The question about the fear of traveling also adversely affects the rare coin industry.  National and regional coin shows are probably the best venue for any collector/investor to study, compare, and bid on a large selection of “sight-seen” coins, and likewise, for dealers to make substantial dollar sales and want list/inventory purchases in a short period of time.  Aside from the internet, they are the difference between a good and bad year for many in the industry today, and the demise of coin shows through reduced attendance will not positively assist this already fragmented rare coin market.  Furthermore, the ability of dealers to take multiple or overweight luggage full of wares onboard planes today, not to mention the tricky question of actual searches of luggage by security personnel, will be problematic going forward.  Dealers will search for other means of transporting coin show or client specific inventory, and lead times for getting material to its destination will be significantly increased.  Or if insured overnight services such as Federal Express or USPS. Express Mail are utilized, then operating costs will increase which will likely be passed on in coin pricing, if they can be passed on at all.  Higher operating costs mean less capital available for inventory purchases, which means lessened demand at the dealer or wholesale level, and so on.

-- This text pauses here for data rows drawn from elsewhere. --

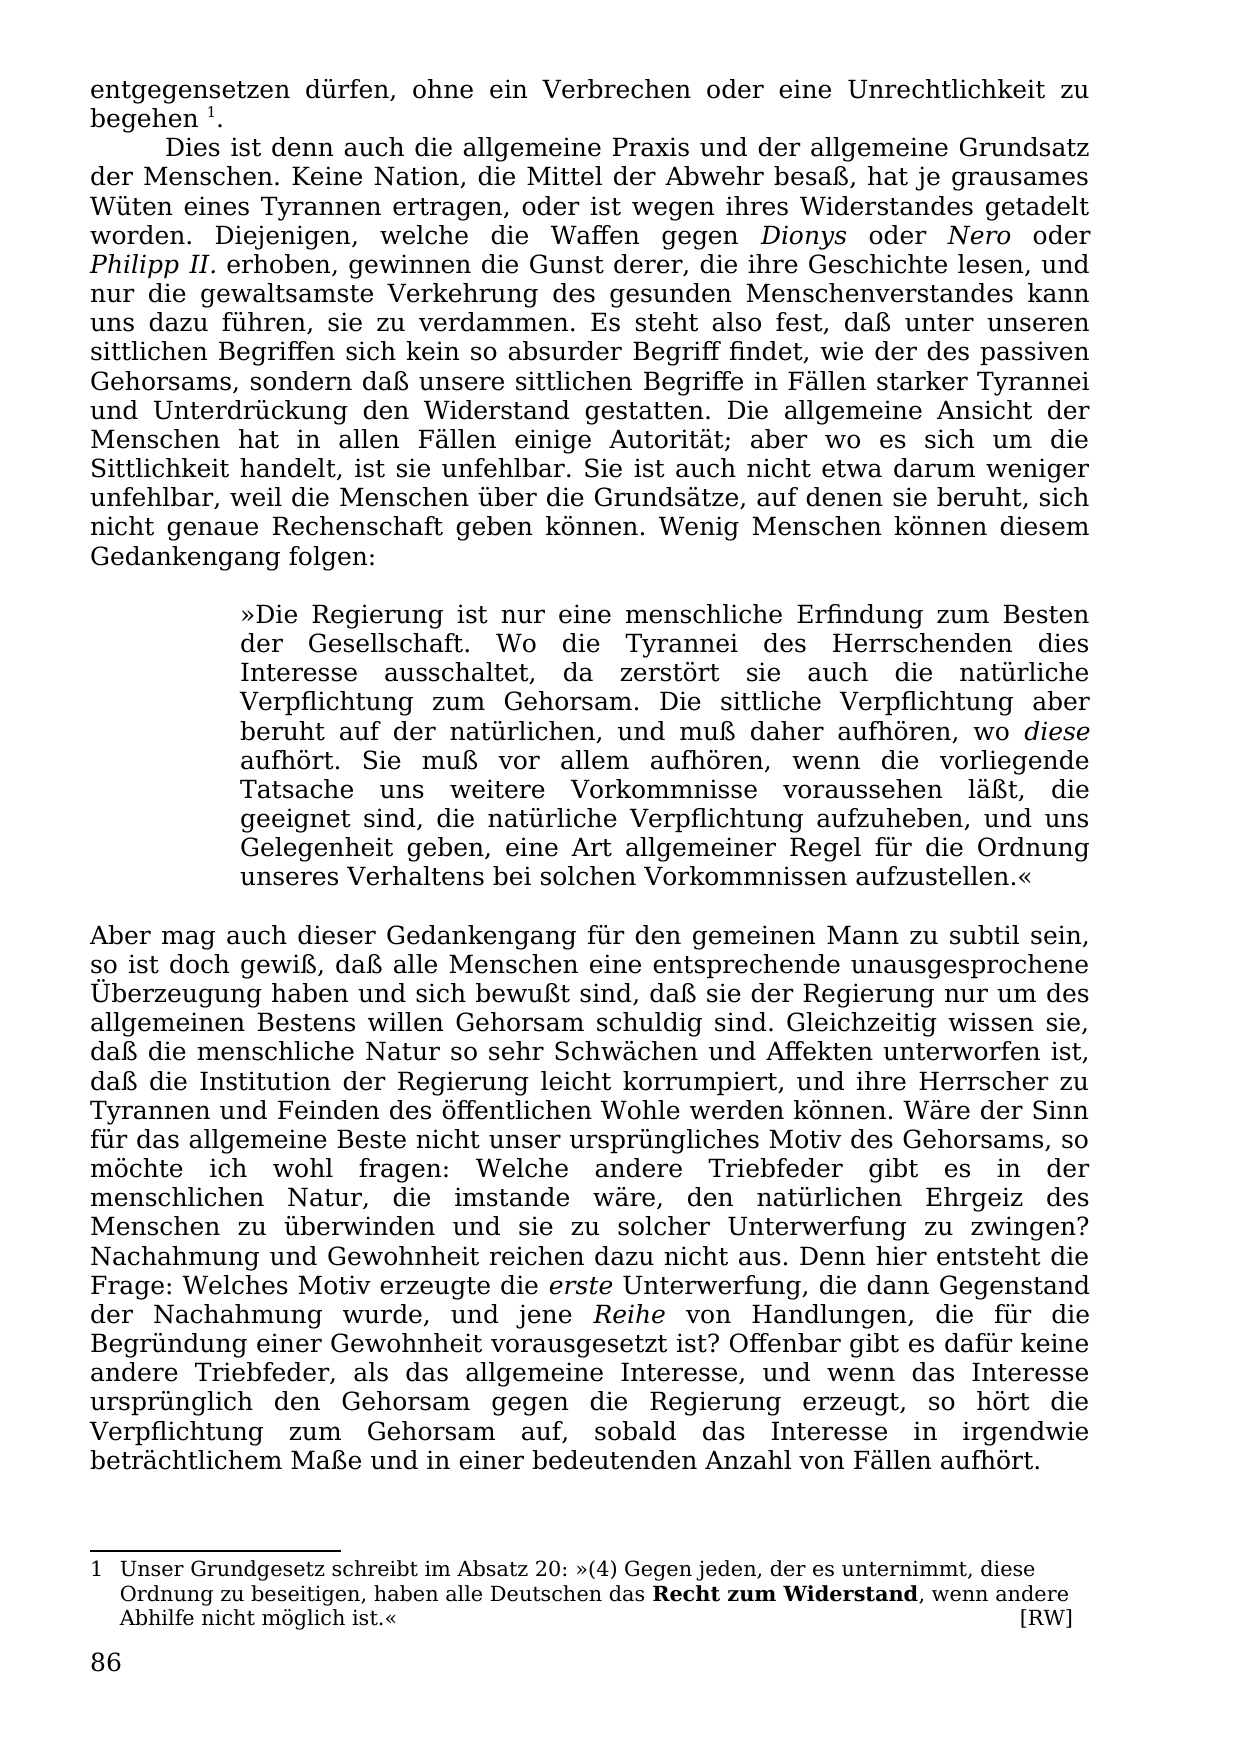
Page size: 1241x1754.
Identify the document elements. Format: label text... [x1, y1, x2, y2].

text »Die Regierung ist nur eine menschliche Erﬁndung zum Besten der Gesellschaft. Wo die Tyrannei des Herrschenden dies Interesse ausschaltet, da zerstört sie auch die natürliche Verpflichtung zum Gehorsam. Die sittliche Verpflichtung aber beruht auf der natürlichen, und muß daher aufhören, wo diese aufhört. Sie muß vor allem aufhören, wenn die vorliegende Tatsache uns weitere Vorkommnisse voraussehen läßt, die geeignet sind, die natürliche Verpflichtung aufzuheben, und uns Gelegenheit geben, eine Art allgemeiner Regel für die Ordnung unseres Verhaltens bei solchen Vorkommnissen aufzustellen.« [240, 600, 1091, 892]
text Aber mag auch dieser Gedankengang für den gemeinen Mann zu subtil sein, so ist doch gewiß, daß alle Menschen eine entsprechende unausgesprochene Überzeugung haben und sich bewußt sind, daß sie der Regierung nur um des allgemeinen Bestens willen Gehorsam schuldig sind. Gleichzeitig wissen sie, daß die menschliche Natur so sehr Schwächen und Affekten unterworfen ist, daß die Institution der Regierung leicht korrumpiert, und ihre Herrscher zu Tyrannen und Feinden des öffentlichen Wohle werden können. Wäre der Sinn für das allgemeine Beste nicht unser ursprüngliches Motiv des Gehorsams, so möchte ich wohl fragen: Welche andere Triebfeder gibt es in der menschlichen Natur, die imstande wäre, den natürlichen Ehrgeiz des Menschen zu überwinden und sie zu solcher Unterwerfung zu zwingen? Nachahmung und Gewohnheit reichen dazu nicht aus. Denn hier entsteht die Frage: Welches Motiv erzeugte die erste Unterwerfung, die dann Gegenstand der Nachahmung wurde, und jene Reihe von Handlungen, die für die Begründung einer Gewohnheit vorausgesetzt ist? Offenbar gibt es dafür keine andere Trieb­feder, als das allgemeine Interesse, und wenn das Interesse ursprünglich den Gehorsam gegen die Regierung erzeugt, so hört die Verpflichtung zum Gehorsam auf, sobald das Interesse in irgendwie beträchtlichem Maße und in einer bedeutenden Anzahl von Fällen aufhört. [90, 921, 1091, 1475]
text entgegensetzen dürfen, ohne ein Verbrechen oder eine Unrechtlichkeit zu begehen . [90, 75, 1091, 133]
text Dies ist denn auch die allgemeine Praxis und der allgemeine Grundsatz der Menschen. Keine Nation, die Mittel der Abwehr besaß, hat je grausames Wüten eines Tyrannen ertragen, oder ist wegen ihres Widerstandes getadelt worden. Diejenigen, welche die Waffen gegen Dionys oder Nero oder Philipp II. erhoben, gewinnen die Gunst derer, die ihre Geschichte lesen, und nur die gewaltsamste Verkehrung des gesunden Menschenverstandes kann uns dazu führen, sie zu verdammen. Es steht also fest, daß unter unseren sittlichen Begriffen sich kein so absurder Begriff ﬁndet, wie der des passiven Gehorsams, sondern daß unsere sittlichen Begriffe in Fällen starker Tyrannei und Unterdrückung den Widerstand gestatten. Die allgemeine Ansicht der Menschen hat in allen Fällen einige Autorität; aber wo es sich um die Sittlichkeit handelt, ist sie unfehlbar. Sie ist auch nicht etwa darum weniger unfehlbar, weil die Menschen über die Grundsätze, auf denen sie beruht, sich nicht genaue Rechenschaft geben können. Wenig Menschen können diesem Gedankengang folgen: [90, 133, 1091, 571]
text Unser Grundgesetz schreibt im Absatz 20: »(4) Gegen jeden, der es unternimmt, diese Ordnung zu beseitigen, haben alle Deutschen das Recht zum Widerstand, wenn andere Abhilfe nicht möglich ist.« [RW] [90, 1557, 1091, 1631]
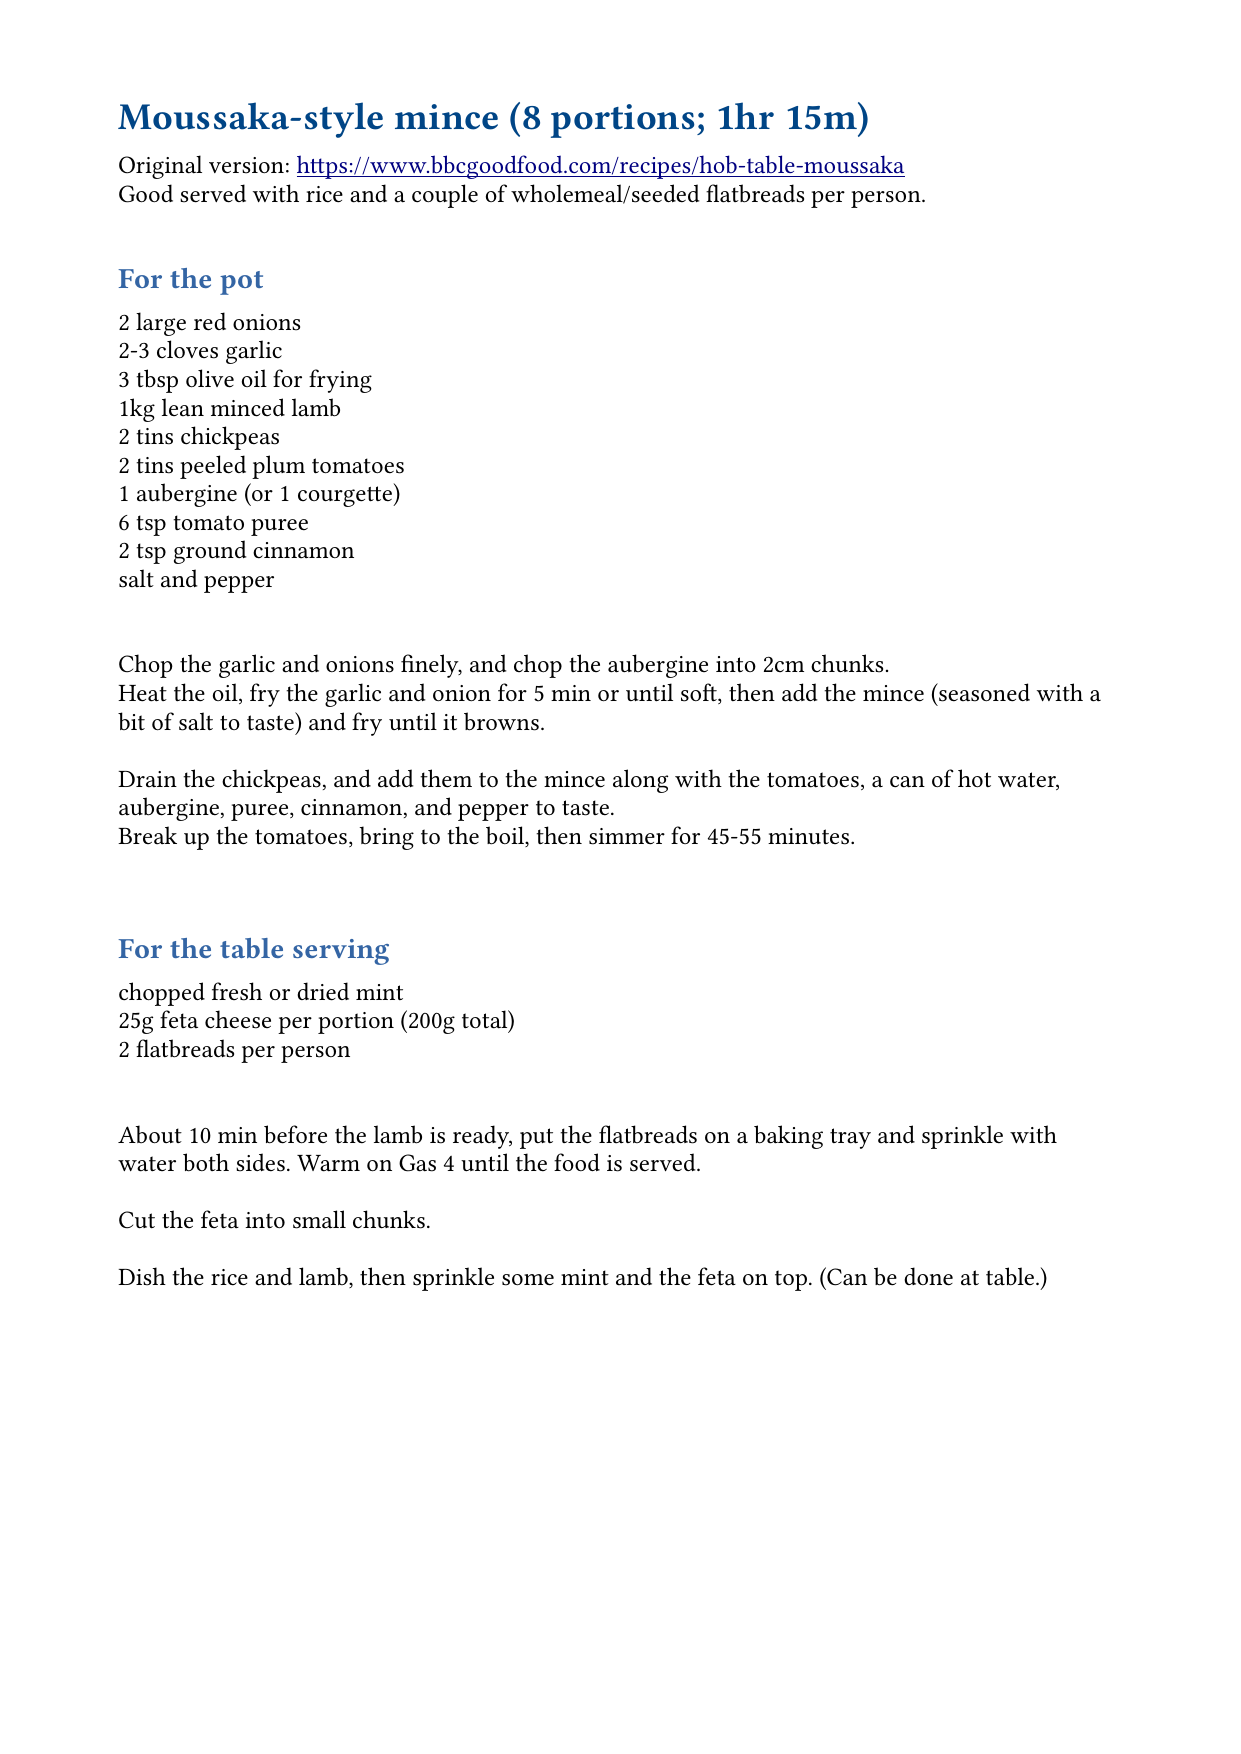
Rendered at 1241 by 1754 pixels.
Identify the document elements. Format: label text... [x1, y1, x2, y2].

text Heat the oil, fry the garlic and onion for 5 min or until soft, then add the mince (seasoned with a bit of salt to taste) and fry until it browns. [118, 679, 1122, 736]
text Good served with rice and a couple of wholemeal/seeded flatbreads per person. [118, 180, 1122, 209]
subtitle Moussaka-style mince (8 portions; 1hr 15m) [118, 96, 1122, 139]
text 1 aubergine (or 1 courgette) [118, 479, 1122, 508]
text 2 large red onions [118, 308, 1122, 336]
subtitle For the table serving [118, 932, 1122, 966]
text Break up the tomatoes, bring to the boil, then simmer for 45-55 minutes. [118, 822, 1122, 850]
text 2 tins peeled plum tomatoes [118, 451, 1122, 479]
text 6 tsp tomato puree [118, 508, 1122, 536]
subtitle For the pot [118, 262, 1122, 295]
text 2 tins chickpeas [118, 422, 1122, 451]
text chopped fresh or dried mint [118, 978, 1122, 1007]
text Cut the feta into small chunks. [118, 1206, 1122, 1235]
text 25g feta cheese per portion (200g total) [118, 1007, 1122, 1035]
text 3 tbsp olive oil for frying [118, 365, 1122, 393]
text 2 flatbreads per person [118, 1035, 1122, 1064]
text 1kg lean minced lamb [118, 393, 1122, 422]
text About 10 min before the lamb is ready, put the flatbreads on a baking tray and sprinkle with water both sides. Warm on Gas 4 until the food is served. [118, 1121, 1122, 1178]
text Drain the chickpeas, and add them to the mince along with the tomatoes, a can of hot water, aubergine, puree, cinnamon, and pepper to taste. [118, 764, 1122, 822]
text Dish the rice and lamb, then sprinkle some mint and the feta on top. (Can be done at table.) [118, 1263, 1122, 1292]
text salt and pepper [118, 565, 1122, 593]
text 2 tsp ground cinnamon [118, 536, 1122, 565]
text Original version: https://www.bbcgoodfood.com/recipes/hob-table-moussaka [118, 152, 1122, 180]
text Chop the garlic and onions finely, and chop the aubergine into 2cm chunks. [118, 650, 1122, 679]
text 2-3 cloves garlic [118, 336, 1122, 365]

Don’t get me wrong.  I still think a genuine bull market in U.S. rare coins will eventually lift all numismatic boats, but we just had some tragic boulders throw in our path.  If we could just get rid of the manipulations in both the gold and silver bullion markets, we could bulldoze the remaining obstacles easily.  When people become uncertain, they search for stores of wealth that have excellent liquidity.  From my own professional experience, rare coins priced over $10,000 are not particularly liquid.  Coins priced in the $3,000 to $5,000 range are much more liquid, and are effectively the calves that will eventually turn into bulls.  And this is the range ($5,000 to $10,000 lesser so) that is primed for receiving old dollars and new dollars that traditionally would have gone into stocks.  I rest my case.